(Work instructions): Only the lines with "tempo" in the entries below belong in the answer; please copy them.

(Data in this exercise):

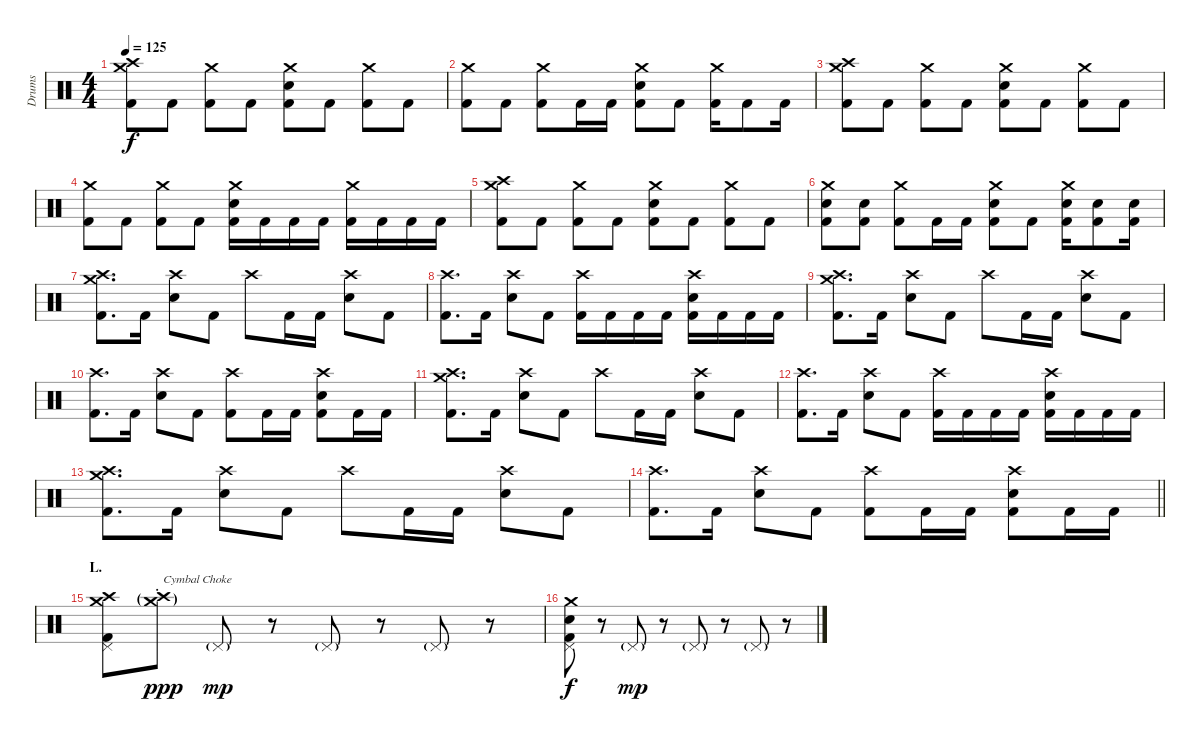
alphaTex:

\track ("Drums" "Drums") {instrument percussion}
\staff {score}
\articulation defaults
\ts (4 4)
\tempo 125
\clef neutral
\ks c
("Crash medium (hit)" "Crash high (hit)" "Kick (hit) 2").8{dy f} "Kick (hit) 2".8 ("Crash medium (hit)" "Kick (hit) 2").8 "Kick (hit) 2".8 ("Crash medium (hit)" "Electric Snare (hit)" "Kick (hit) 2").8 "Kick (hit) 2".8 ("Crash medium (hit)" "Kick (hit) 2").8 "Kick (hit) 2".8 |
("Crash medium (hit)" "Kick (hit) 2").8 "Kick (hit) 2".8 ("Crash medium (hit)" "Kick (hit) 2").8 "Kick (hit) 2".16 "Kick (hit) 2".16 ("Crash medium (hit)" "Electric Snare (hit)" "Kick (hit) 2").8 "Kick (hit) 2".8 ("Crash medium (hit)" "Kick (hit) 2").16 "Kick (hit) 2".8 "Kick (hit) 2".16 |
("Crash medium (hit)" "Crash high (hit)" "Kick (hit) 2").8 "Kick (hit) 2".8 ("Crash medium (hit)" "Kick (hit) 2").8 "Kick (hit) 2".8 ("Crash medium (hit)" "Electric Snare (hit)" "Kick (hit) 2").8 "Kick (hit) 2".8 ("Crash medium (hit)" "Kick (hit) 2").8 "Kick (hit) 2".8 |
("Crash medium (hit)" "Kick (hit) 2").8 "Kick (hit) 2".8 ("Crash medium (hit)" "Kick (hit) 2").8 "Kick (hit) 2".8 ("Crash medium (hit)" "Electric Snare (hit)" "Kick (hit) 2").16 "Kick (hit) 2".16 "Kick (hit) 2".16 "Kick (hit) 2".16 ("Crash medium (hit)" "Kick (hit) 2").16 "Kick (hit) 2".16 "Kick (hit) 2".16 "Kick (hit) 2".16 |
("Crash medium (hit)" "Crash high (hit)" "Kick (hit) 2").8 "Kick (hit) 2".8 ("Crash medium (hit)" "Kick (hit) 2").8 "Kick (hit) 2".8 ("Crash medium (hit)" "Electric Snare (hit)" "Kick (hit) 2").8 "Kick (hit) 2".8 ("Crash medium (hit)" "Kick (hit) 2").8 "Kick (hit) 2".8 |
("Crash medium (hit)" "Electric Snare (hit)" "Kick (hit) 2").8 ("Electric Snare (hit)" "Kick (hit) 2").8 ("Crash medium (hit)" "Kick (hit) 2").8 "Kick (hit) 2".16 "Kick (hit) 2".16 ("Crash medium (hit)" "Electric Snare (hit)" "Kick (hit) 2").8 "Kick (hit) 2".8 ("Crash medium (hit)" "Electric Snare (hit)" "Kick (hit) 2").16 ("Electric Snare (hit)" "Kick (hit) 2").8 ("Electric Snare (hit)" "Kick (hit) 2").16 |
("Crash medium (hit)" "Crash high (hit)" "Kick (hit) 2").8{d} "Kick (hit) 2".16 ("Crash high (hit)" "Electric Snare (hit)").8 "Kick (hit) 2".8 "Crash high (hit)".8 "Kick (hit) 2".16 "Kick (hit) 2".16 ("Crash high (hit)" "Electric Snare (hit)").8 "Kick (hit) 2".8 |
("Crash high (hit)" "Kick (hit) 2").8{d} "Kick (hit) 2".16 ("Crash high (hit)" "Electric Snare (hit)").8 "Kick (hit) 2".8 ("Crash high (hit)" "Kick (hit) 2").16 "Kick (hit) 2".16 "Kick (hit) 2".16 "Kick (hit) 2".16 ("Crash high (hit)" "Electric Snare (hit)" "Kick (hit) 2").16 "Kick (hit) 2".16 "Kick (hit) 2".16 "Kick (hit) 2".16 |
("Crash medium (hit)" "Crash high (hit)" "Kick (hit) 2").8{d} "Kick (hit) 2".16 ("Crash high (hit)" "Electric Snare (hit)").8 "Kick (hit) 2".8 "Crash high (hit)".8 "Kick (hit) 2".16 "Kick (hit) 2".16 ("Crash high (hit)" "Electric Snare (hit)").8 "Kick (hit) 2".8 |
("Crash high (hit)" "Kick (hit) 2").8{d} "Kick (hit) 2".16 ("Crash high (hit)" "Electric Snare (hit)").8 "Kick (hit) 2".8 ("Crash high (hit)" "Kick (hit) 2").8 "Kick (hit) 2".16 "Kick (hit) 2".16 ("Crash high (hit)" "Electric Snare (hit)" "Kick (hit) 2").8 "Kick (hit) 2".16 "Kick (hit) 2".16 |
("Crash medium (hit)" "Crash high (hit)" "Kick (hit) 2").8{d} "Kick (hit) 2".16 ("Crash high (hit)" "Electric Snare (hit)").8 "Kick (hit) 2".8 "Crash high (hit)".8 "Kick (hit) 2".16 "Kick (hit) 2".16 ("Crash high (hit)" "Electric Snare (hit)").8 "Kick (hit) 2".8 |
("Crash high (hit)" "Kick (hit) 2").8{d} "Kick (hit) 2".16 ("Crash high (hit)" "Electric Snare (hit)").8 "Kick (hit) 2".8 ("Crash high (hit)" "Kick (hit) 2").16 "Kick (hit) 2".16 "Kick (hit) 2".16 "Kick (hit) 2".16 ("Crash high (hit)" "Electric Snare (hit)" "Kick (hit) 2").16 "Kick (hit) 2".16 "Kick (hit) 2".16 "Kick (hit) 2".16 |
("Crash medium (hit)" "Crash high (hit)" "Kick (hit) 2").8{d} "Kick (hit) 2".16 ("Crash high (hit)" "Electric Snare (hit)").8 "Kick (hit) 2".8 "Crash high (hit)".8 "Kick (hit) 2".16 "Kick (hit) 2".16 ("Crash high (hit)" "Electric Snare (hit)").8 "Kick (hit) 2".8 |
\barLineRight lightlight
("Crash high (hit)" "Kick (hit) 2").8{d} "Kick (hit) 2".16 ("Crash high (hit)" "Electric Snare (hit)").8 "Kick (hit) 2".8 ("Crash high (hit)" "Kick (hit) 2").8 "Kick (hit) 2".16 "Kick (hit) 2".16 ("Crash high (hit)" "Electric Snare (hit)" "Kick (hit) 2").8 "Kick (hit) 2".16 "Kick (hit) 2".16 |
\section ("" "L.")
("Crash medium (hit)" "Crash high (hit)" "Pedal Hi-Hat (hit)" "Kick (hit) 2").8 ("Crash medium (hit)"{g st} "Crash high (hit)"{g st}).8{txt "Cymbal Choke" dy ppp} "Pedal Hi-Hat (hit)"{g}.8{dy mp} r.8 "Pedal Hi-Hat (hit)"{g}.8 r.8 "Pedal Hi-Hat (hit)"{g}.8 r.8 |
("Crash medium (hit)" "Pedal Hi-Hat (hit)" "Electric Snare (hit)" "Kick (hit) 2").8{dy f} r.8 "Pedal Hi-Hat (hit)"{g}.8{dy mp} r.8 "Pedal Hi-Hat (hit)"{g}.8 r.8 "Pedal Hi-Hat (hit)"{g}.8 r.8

* * *

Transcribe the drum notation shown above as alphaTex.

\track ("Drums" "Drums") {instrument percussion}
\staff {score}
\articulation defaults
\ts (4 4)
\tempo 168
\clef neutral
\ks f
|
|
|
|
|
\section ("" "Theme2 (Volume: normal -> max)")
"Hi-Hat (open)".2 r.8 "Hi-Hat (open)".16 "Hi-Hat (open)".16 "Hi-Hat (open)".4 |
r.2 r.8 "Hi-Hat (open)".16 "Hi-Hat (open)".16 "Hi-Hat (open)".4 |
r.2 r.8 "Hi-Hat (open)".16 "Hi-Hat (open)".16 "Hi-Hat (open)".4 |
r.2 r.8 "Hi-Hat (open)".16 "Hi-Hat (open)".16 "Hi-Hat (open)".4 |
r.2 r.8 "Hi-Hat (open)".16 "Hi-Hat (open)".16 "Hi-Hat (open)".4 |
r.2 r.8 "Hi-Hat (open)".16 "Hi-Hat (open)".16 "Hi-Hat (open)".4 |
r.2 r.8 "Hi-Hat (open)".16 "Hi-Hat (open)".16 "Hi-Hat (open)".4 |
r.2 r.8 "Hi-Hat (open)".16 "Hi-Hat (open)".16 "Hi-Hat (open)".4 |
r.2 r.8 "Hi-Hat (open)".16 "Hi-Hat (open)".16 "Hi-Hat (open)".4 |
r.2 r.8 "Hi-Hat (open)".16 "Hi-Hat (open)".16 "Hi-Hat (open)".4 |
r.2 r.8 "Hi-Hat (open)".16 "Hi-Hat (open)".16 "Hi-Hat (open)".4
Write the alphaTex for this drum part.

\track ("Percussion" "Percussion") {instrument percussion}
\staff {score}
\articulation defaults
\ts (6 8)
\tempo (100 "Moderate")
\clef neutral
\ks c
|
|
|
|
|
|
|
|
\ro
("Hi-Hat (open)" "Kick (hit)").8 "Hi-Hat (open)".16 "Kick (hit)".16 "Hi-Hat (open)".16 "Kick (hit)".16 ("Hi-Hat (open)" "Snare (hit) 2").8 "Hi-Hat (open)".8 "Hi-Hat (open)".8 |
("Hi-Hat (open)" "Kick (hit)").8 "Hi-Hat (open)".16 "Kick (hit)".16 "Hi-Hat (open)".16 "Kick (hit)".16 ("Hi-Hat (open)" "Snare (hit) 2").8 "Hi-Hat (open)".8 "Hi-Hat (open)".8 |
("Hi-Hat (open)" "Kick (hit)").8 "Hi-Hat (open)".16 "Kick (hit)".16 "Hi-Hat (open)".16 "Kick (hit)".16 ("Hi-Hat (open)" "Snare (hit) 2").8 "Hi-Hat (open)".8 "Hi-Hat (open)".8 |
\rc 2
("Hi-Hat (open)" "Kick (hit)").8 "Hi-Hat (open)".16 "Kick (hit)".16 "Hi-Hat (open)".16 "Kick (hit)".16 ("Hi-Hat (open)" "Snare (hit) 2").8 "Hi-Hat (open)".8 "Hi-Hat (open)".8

(Task result):
\tempo 125
\tempo 168
\tempo (100 "Moderate")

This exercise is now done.